Going through the material underneath, give only the number of lines that contain "name".

TASK MATERIAL:
++++

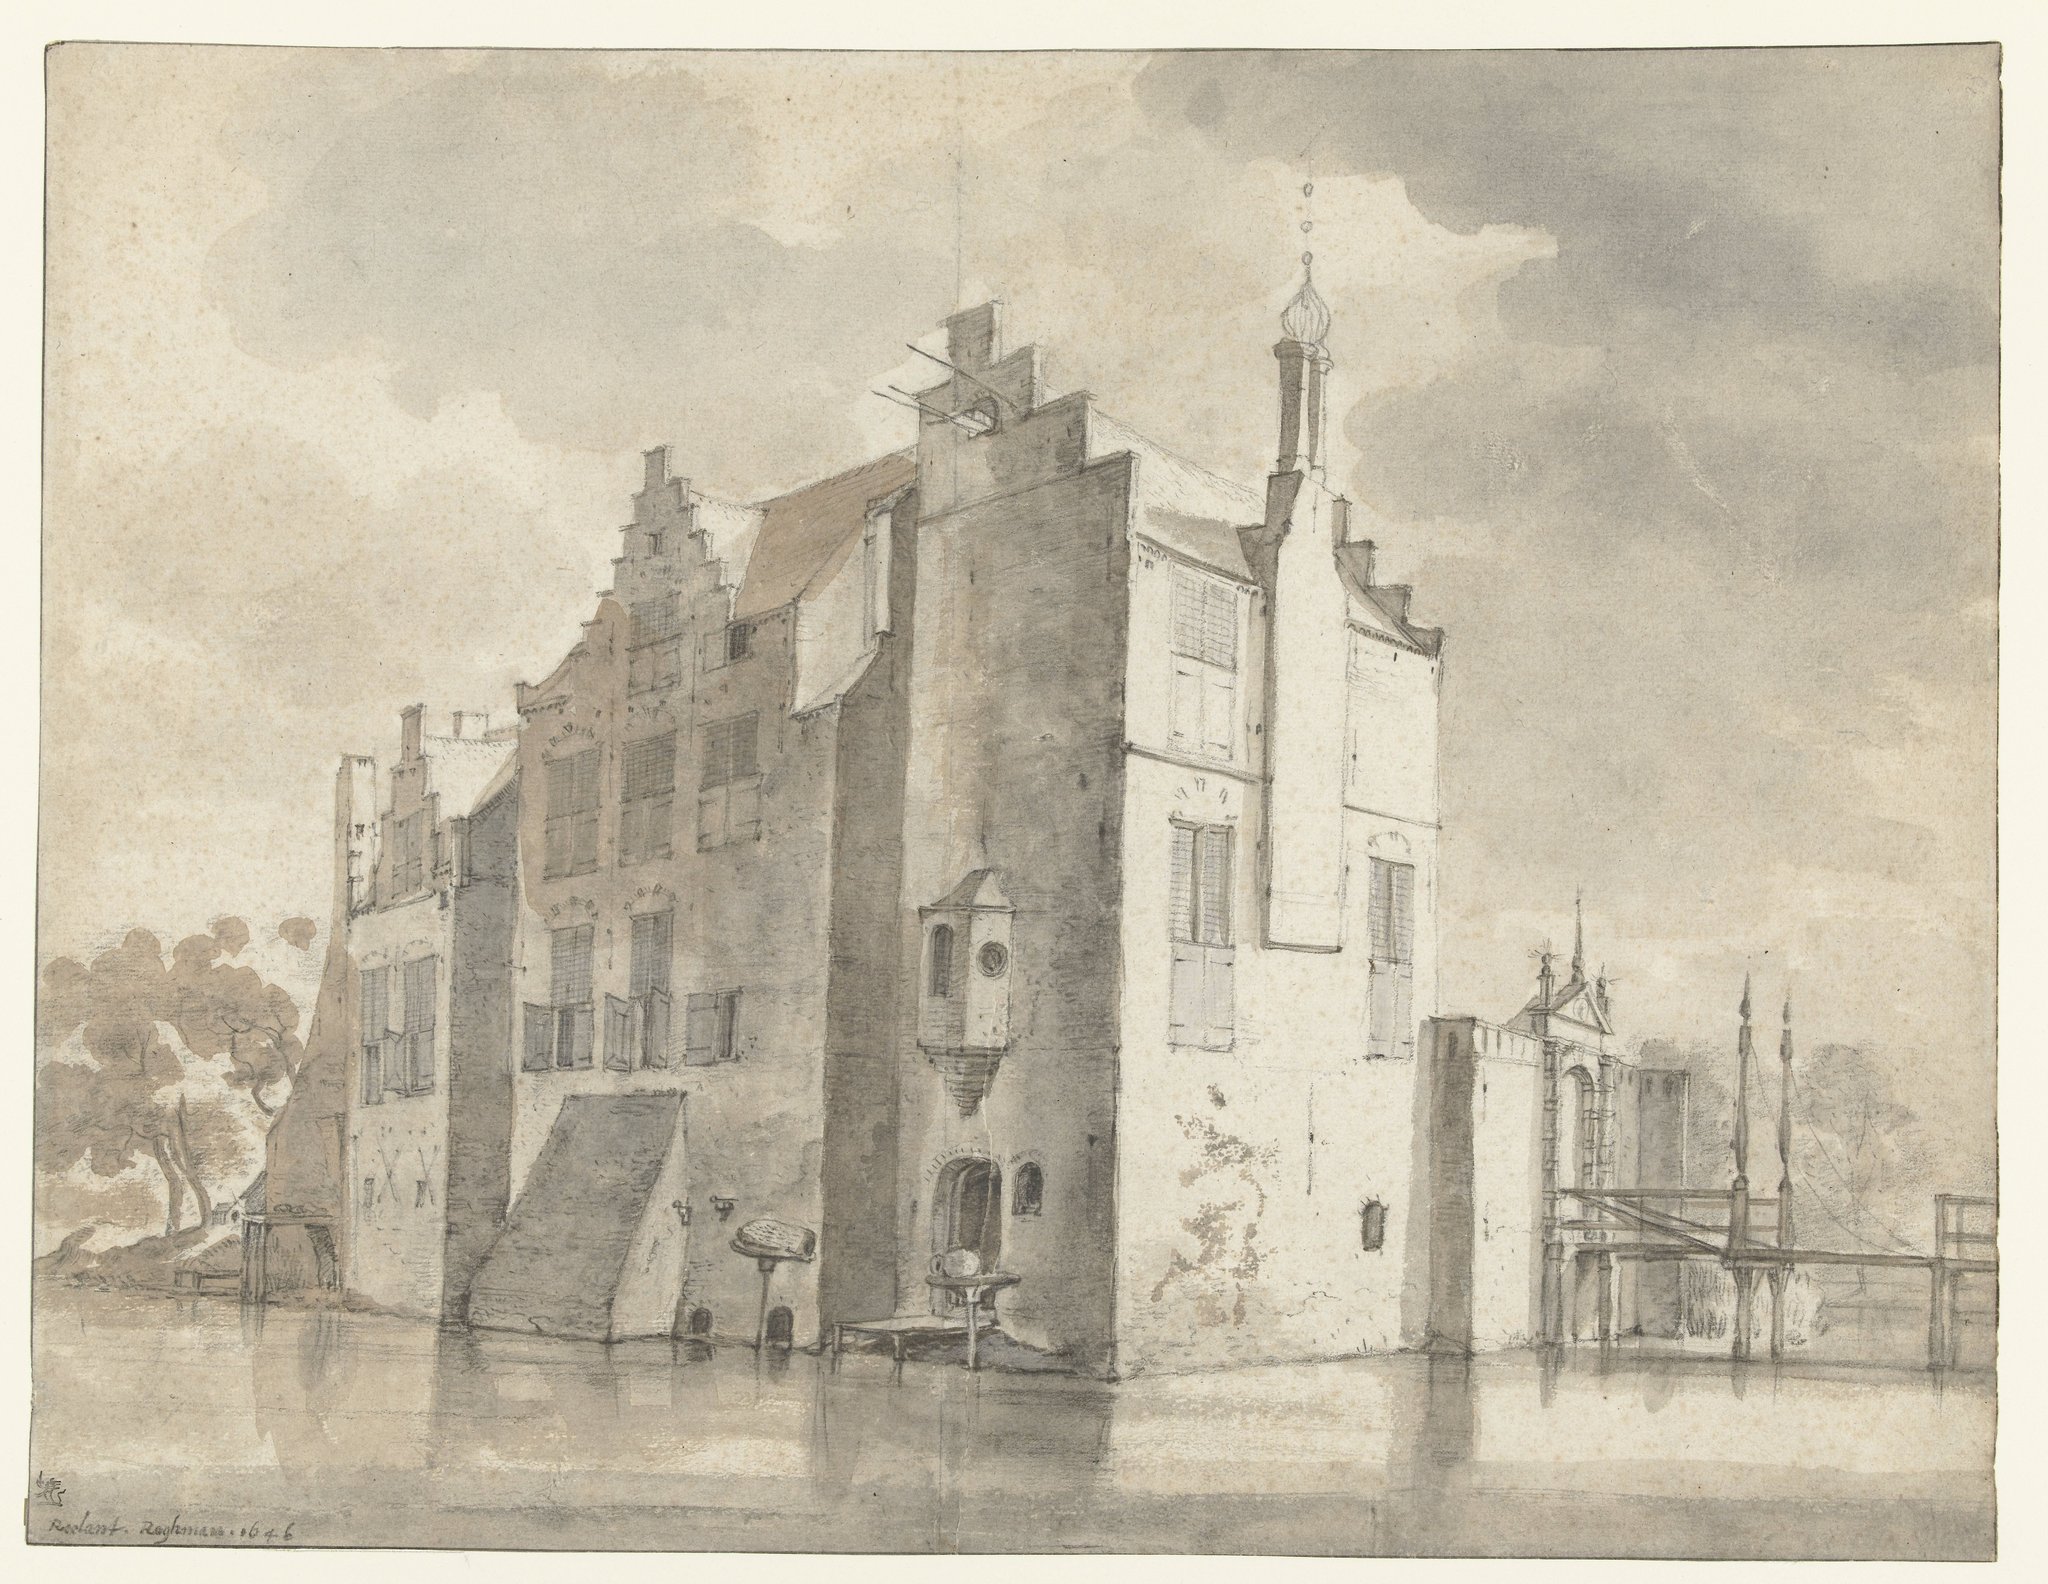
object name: drawing
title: View of Kasteel Santhorst, Seen from the North-west
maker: roelant roghman
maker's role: draughtsman, painter, print maker
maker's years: 1627-1692
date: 1646
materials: chalk, ink, paper
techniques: brush
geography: kasteel santhorst
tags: castle
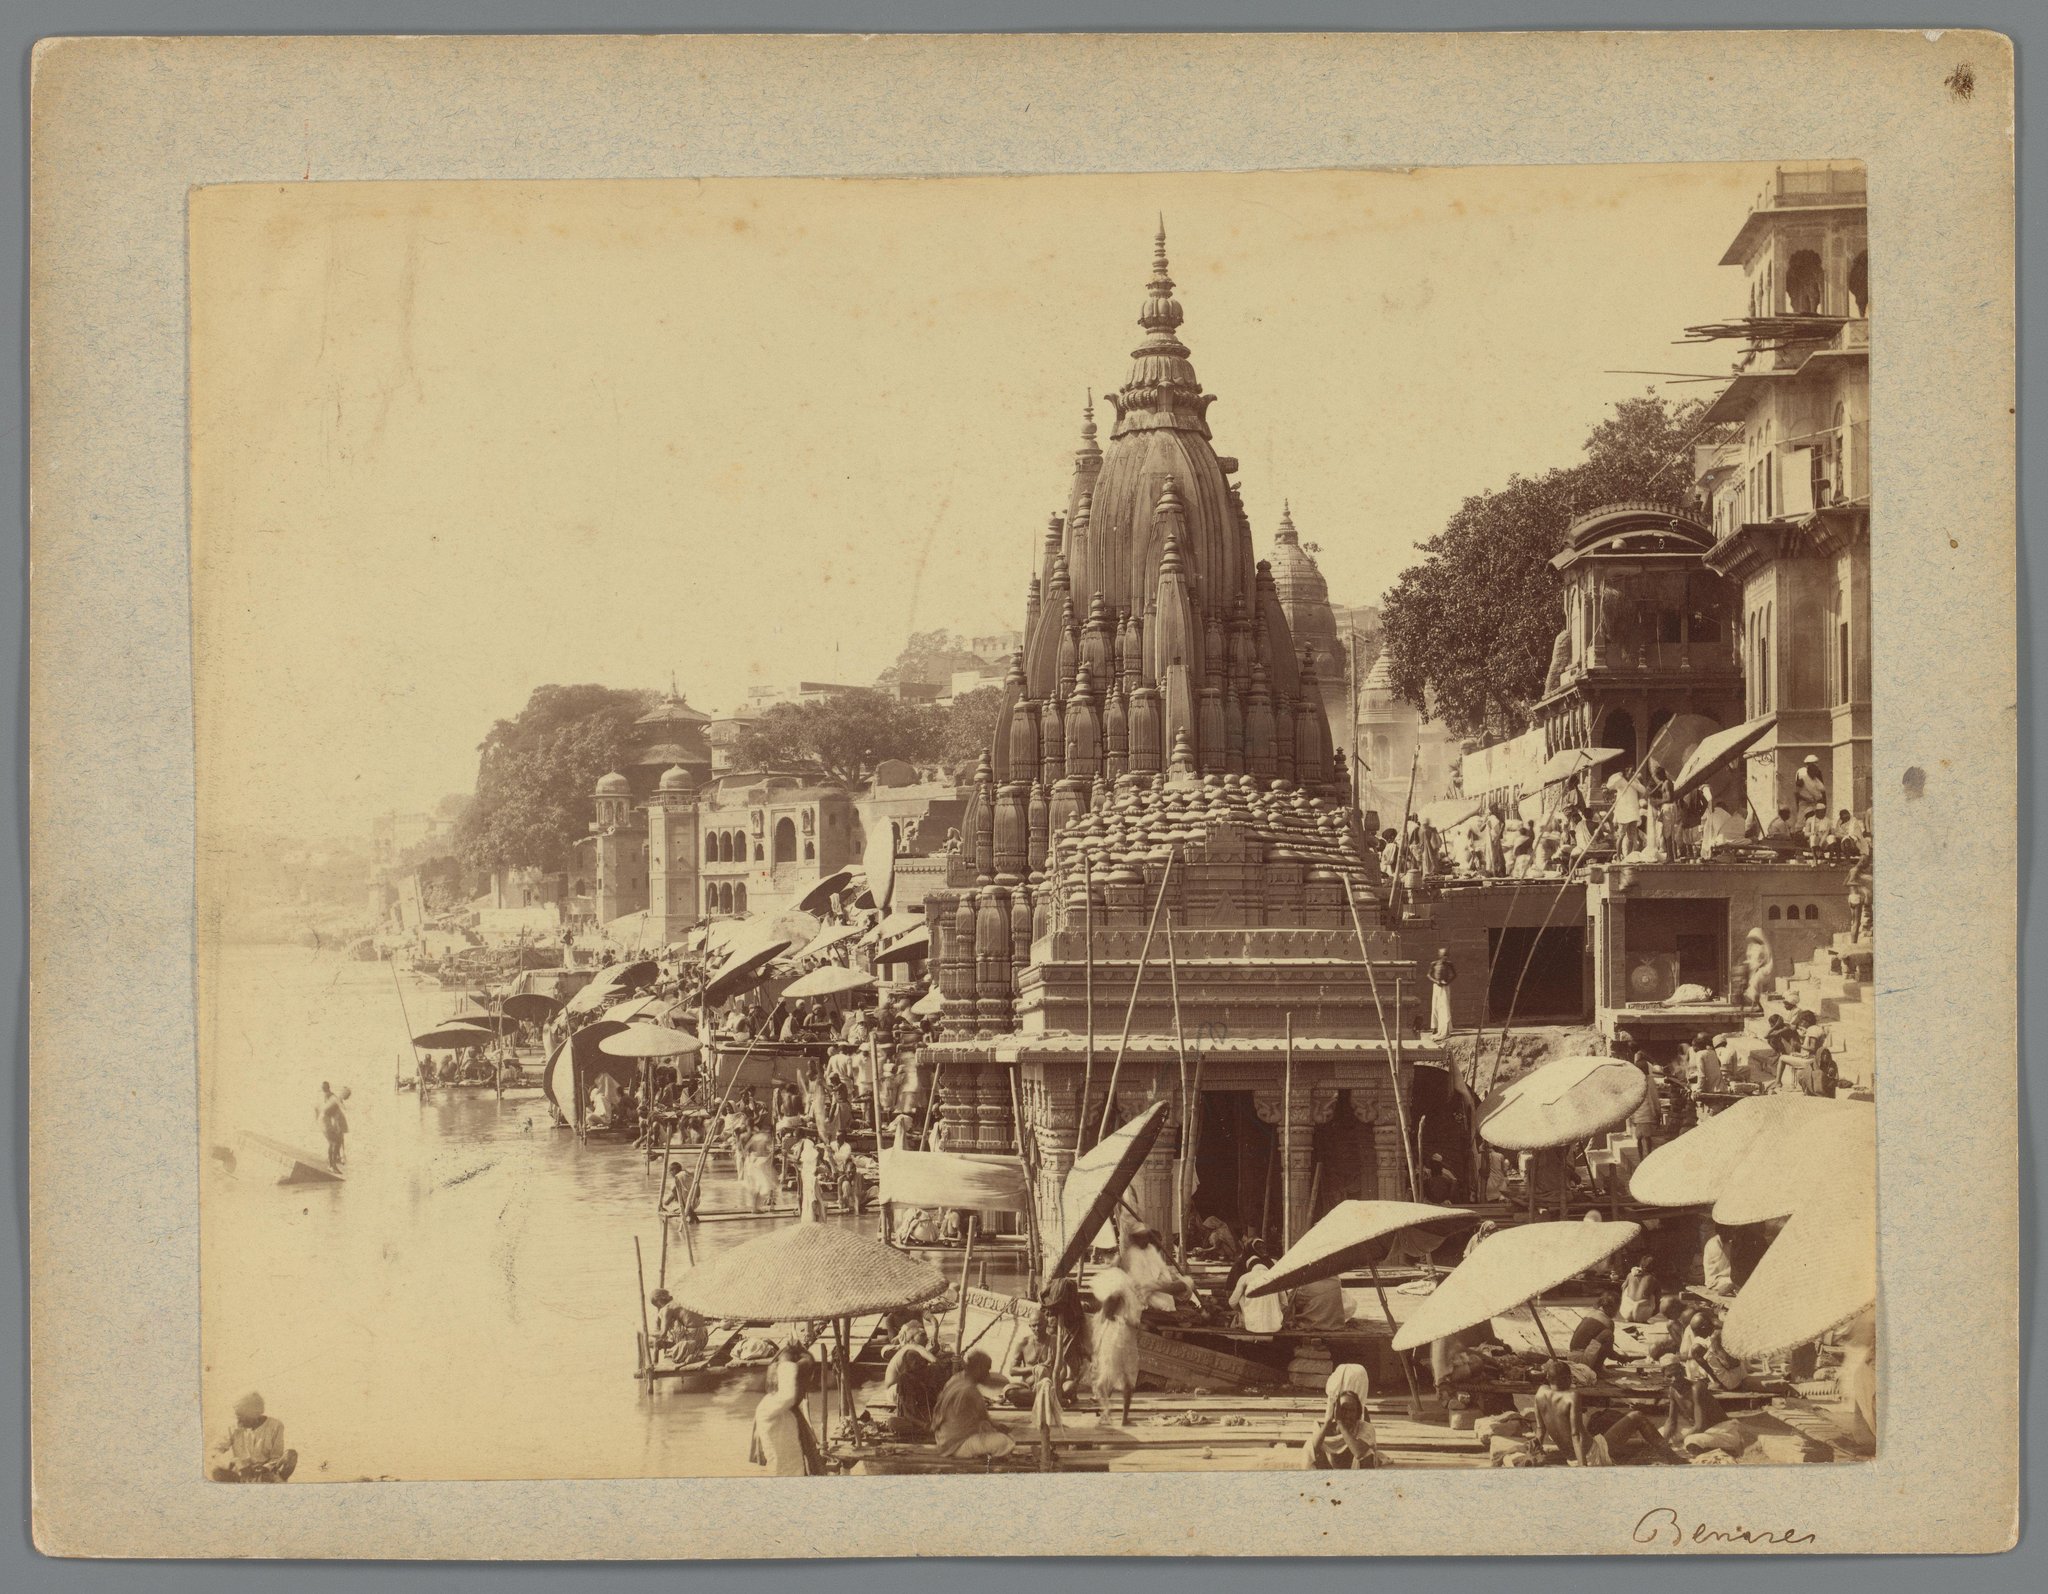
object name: photograph
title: View of temples and buildings on the banks of the Ganga river, Varanasi, Uttar Pradesh, India
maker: Anonymous
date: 1870-1890
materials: cardboard, photographic support
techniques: albumen print
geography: varanasi
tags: places and objects of worship ~ hinduism, buddhism, jainism
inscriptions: inscription: ‘Benares’
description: Op de achterzijde is een schets gemaakt van een gebouwencomplex, met plattegronden.
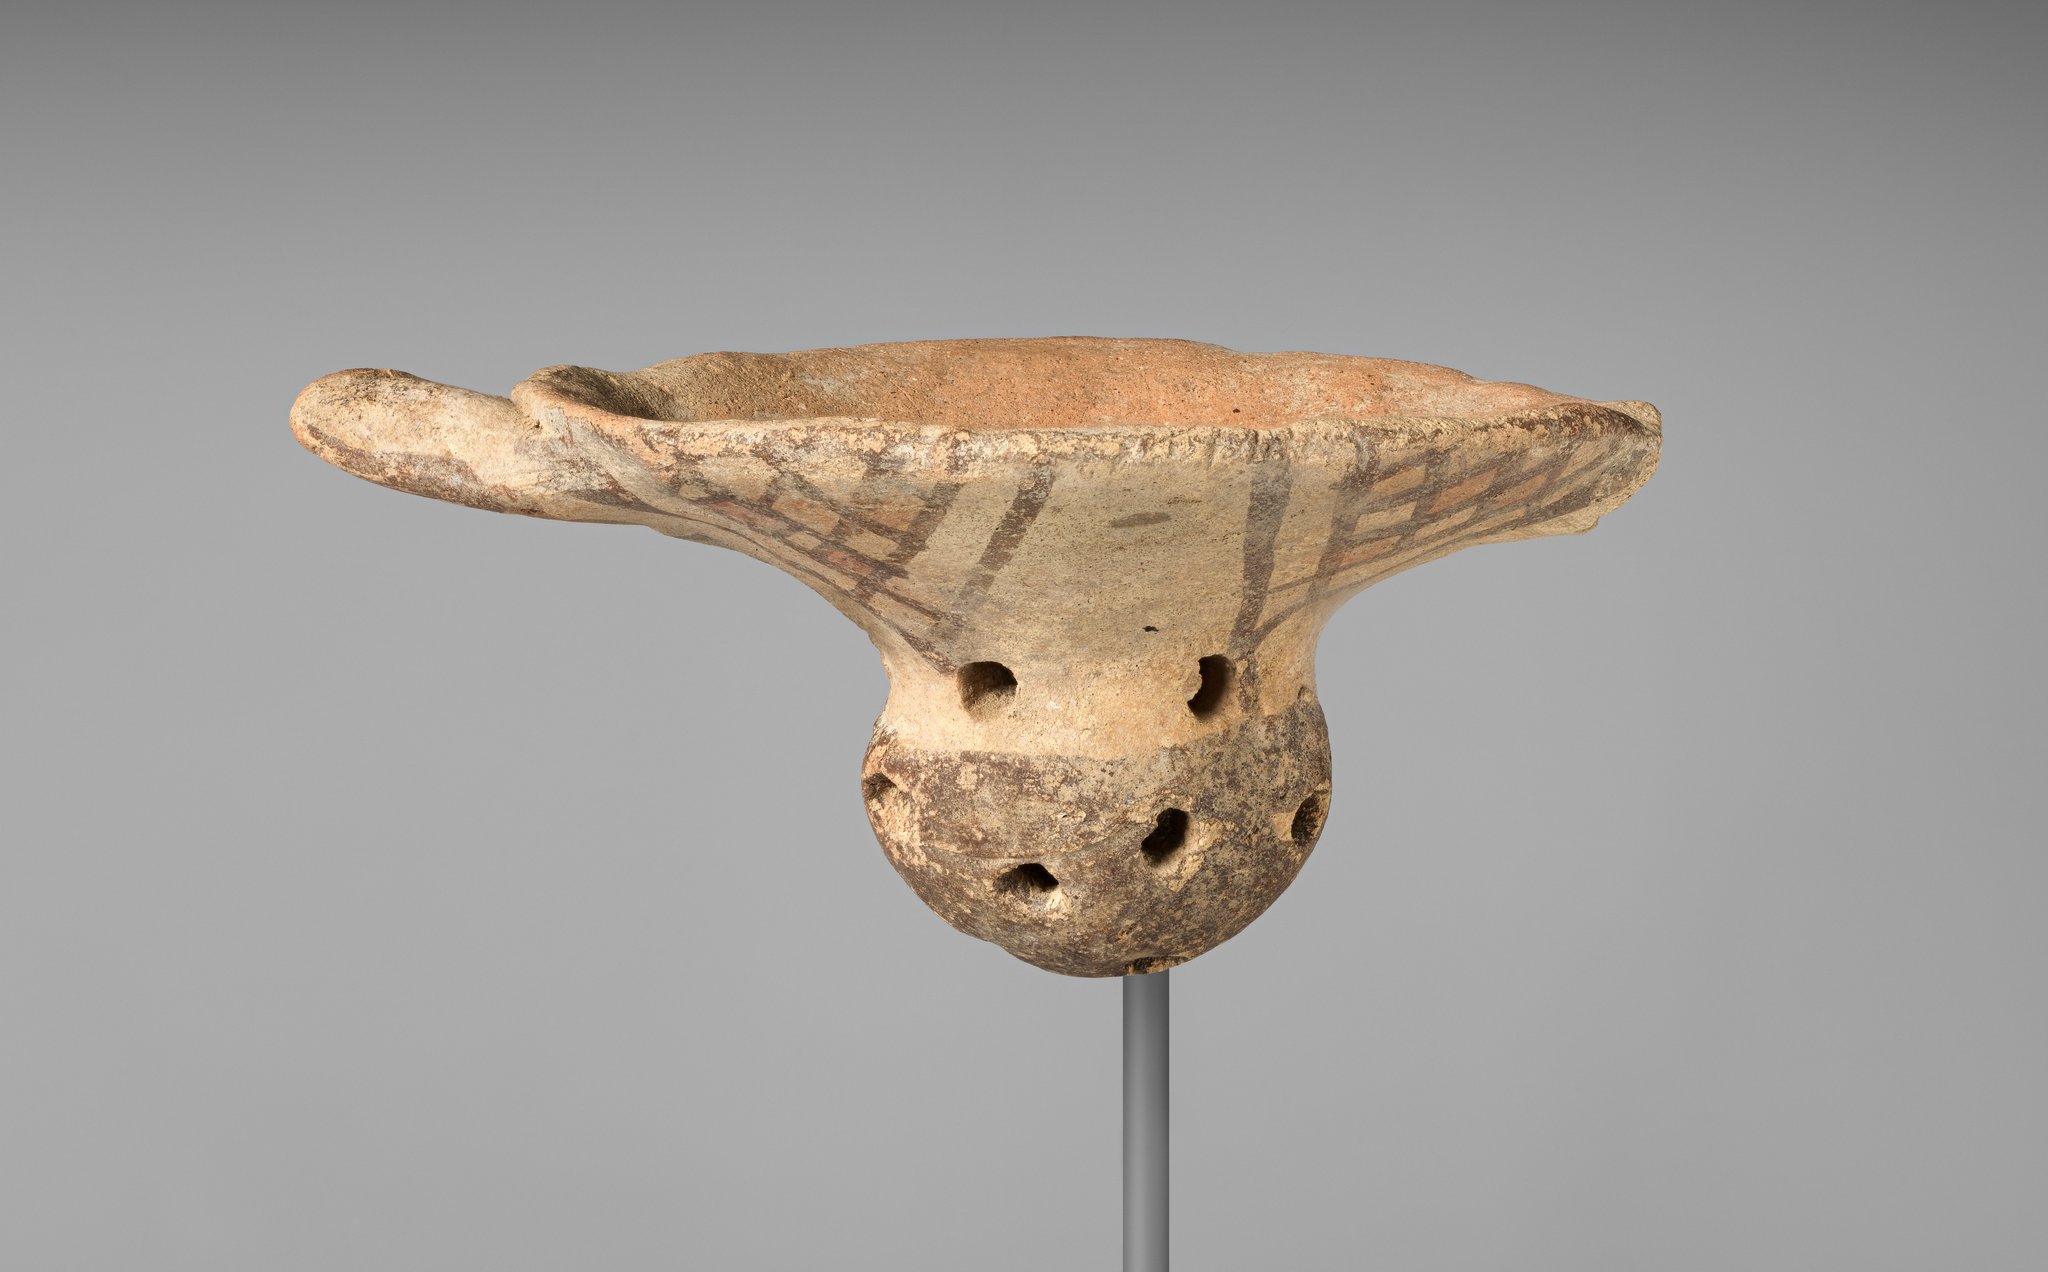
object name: strainer
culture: cypriot
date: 1125-1050 BCE
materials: terracotta

++++

TASK RESPONSE: 3